▶ **Collected data**:
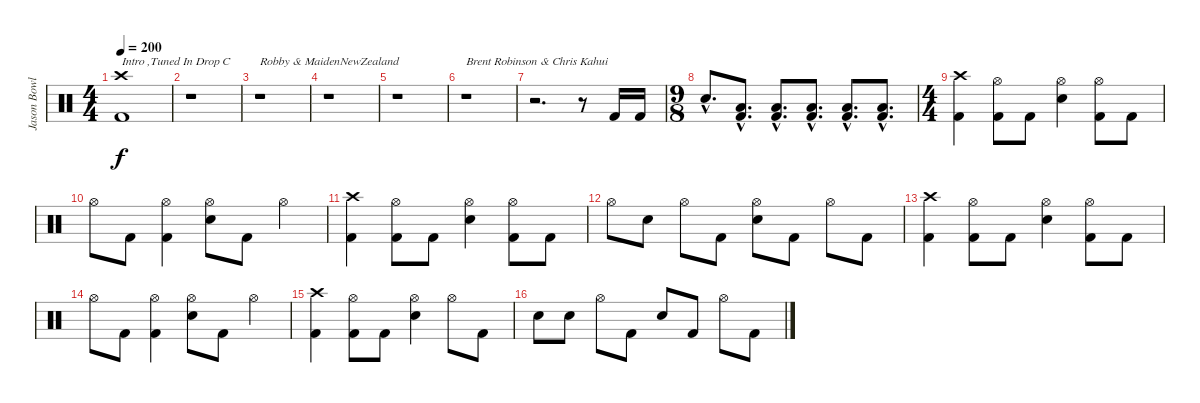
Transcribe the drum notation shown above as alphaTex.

\track ("Jason Bowld" "Jason Bowl") {instrument percussion}
\staff {score}
\articulation defaults
\ts (4 4)
\tempo 200
\clef neutral
\ks c
("Crash high (hit)" "Kick (hit) 2").1{txt "Intro ,Tuned In Drop C" dy f} |
r.1 |
r.1{txt "Robby & MaidenNewZealand"} |
r.1 |
r.1 |
r.1{txt "Brent Robinson & Chris Kahui"} |
r.2{d} r.8 "Kick (hit) 2".16 "Kick (hit) 2".16 |
\ts (9 8)
"Snare (hit) 2"{hac}.8{d} ("Low Floor Tom (hit)"{hac} "Kick (hit) 2"{hac}).8{d} ("Low Floor Tom (hit)"{hac} "Kick (hit) 2"{hac}).8{d} ("Low Floor Tom (hit)"{hac} "Kick (hit) 2"{hac}).8{d} ("Low Floor Tom (hit)"{hac} "Kick (hit) 2"{hac}).8{d} ("Low Floor Tom (hit)"{hac} "Kick (hit) 2"{hac}).8{d} |
\ts (4 4)
("Crash high (hit)" "Kick (hit) 2").4 ("Hi-Hat (open)" "Kick (hit) 2").8 "Kick (hit) 2".8 ("Hi-Hat (open)" "Snare (hit) 2").4 ("Hi-Hat (open)" "Kick (hit) 2").8 "Kick (hit) 2".8 |
"Hi-Hat (open)".8 "Kick (hit) 2".8 ("Hi-Hat (open)" "Kick (hit) 2").4 ("Hi-Hat (open)" "Snare (hit) 2").8 "Kick (hit) 2".8 "Hi-Hat (open)".4 |
("Crash high (hit)" "Kick (hit) 2").4 ("Hi-Hat (open)" "Kick (hit) 2").8 "Kick (hit) 2".8 ("Hi-Hat (open)" "Snare (hit) 2").4 ("Hi-Hat (open)" "Kick (hit) 2").8 "Kick (hit) 2".8 |
"Hi-Hat (open)".8 "Snare (hit) 2".8 "Hi-Hat (open)".8 "Kick (hit) 2".8 ("Hi-Hat (open)" "Snare (hit) 2").8 "Kick (hit) 2".8 "Hi-Hat (open)".8 "Kick (hit) 2".8 |
("Crash high (hit)" "Kick (hit) 2").4 ("Hi-Hat (open)" "Kick (hit) 2").8 "Kick (hit) 2".8 ("Hi-Hat (open)" "Snare (hit) 2").4 ("Hi-Hat (open)" "Kick (hit) 2").8 "Kick (hit) 2".8 |
"Hi-Hat (open)".8 "Kick (hit) 2".8 ("Hi-Hat (open)" "Kick (hit) 2").4 ("Hi-Hat (open)" "Snare (hit) 2").8 "Kick (hit) 2".8 "Hi-Hat (open)".4 |
("Crash high (hit)" "Kick (hit) 2").4 ("Hi-Hat (open)" "Kick (hit) 2").8 "Kick (hit) 2".8 ("Hi-Hat (open)" "Snare (hit) 2").4 "Hi-Hat (open)".8 "Kick (hit) 2".8 |
"Snare (hit) 2".8 "Snare (hit) 2".8 "Hi-Hat (open)".8 "Kick (hit) 2".8 "Snare (hit) 2".8 "Kick (hit) 2".8 "Hi-Hat (open)".8 "Kick (hit) 2".8

▶ **WHAT IS NEEDED**: Verbatim output of every entry above is required, though pictures are to be left out.

▶ **YOUR RESPONSE**:
Transcribe the drum notation shown above as alphaTex.

\track ("Jason Bowld" "Jason Bowl") {instrument percussion}
\staff {score}
\articulation defaults
\ts (4 4)
\tempo 200
\clef neutral
\ks c
("Crash high (hit)" "Kick (hit) 2").1{txt "Intro ,Tuned In Drop C" dy f} |
r.1 |
r.1{txt "Robby & MaidenNewZealand"} |
r.1 |
r.1 |
r.1{txt "Brent Robinson & Chris Kahui"} |
r.2{d} r.8 "Kick (hit) 2".16 "Kick (hit) 2".16 |
\ts (9 8)
"Snare (hit) 2"{hac}.8{d} ("Low Floor Tom (hit)"{hac} "Kick (hit) 2"{hac}).8{d} ("Low Floor Tom (hit)"{hac} "Kick (hit) 2"{hac}).8{d} ("Low Floor Tom (hit)"{hac} "Kick (hit) 2"{hac}).8{d} ("Low Floor Tom (hit)"{hac} "Kick (hit) 2"{hac}).8{d} ("Low Floor Tom (hit)"{hac} "Kick (hit) 2"{hac}).8{d} |
\ts (4 4)
("Crash high (hit)" "Kick (hit) 2").4 ("Hi-Hat (open)" "Kick (hit) 2").8 "Kick (hit) 2".8 ("Hi-Hat (open)" "Snare (hit) 2").4 ("Hi-Hat (open)" "Kick (hit) 2").8 "Kick (hit) 2".8 |
"Hi-Hat (open)".8 "Kick (hit) 2".8 ("Hi-Hat (open)" "Kick (hit) 2").4 ("Hi-Hat (open)" "Snare (hit) 2").8 "Kick (hit) 2".8 "Hi-Hat (open)".4 |
("Crash high (hit)" "Kick (hit) 2").4 ("Hi-Hat (open)" "Kick (hit) 2").8 "Kick (hit) 2".8 ("Hi-Hat (open)" "Snare (hit) 2").4 ("Hi-Hat (open)" "Kick (hit) 2").8 "Kick (hit) 2".8 |
"Hi-Hat (open)".8 "Snare (hit) 2".8 "Hi-Hat (open)".8 "Kick (hit) 2".8 ("Hi-Hat (open)" "Snare (hit) 2").8 "Kick (hit) 2".8 "Hi-Hat (open)".8 "Kick (hit) 2".8 |
("Crash high (hit)" "Kick (hit) 2").4 ("Hi-Hat (open)" "Kick (hit) 2").8 "Kick (hit) 2".8 ("Hi-Hat (open)" "Snare (hit) 2").4 ("Hi-Hat (open)" "Kick (hit) 2").8 "Kick (hit) 2".8 |
"Hi-Hat (open)".8 "Kick (hit) 2".8 ("Hi-Hat (open)" "Kick (hit) 2").4 ("Hi-Hat (open)" "Snare (hit) 2").8 "Kick (hit) 2".8 "Hi-Hat (open)".4 |
("Crash high (hit)" "Kick (hit) 2").4 ("Hi-Hat (open)" "Kick (hit) 2").8 "Kick (hit) 2".8 ("Hi-Hat (open)" "Snare (hit) 2").4 "Hi-Hat (open)".8 "Kick (hit) 2".8 |
"Snare (hit) 2".8 "Snare (hit) 2".8 "Hi-Hat (open)".8 "Kick (hit) 2".8 "Snare (hit) 2".8 "Kick (hit) 2".8 "Hi-Hat (open)".8 "Kick (hit) 2".8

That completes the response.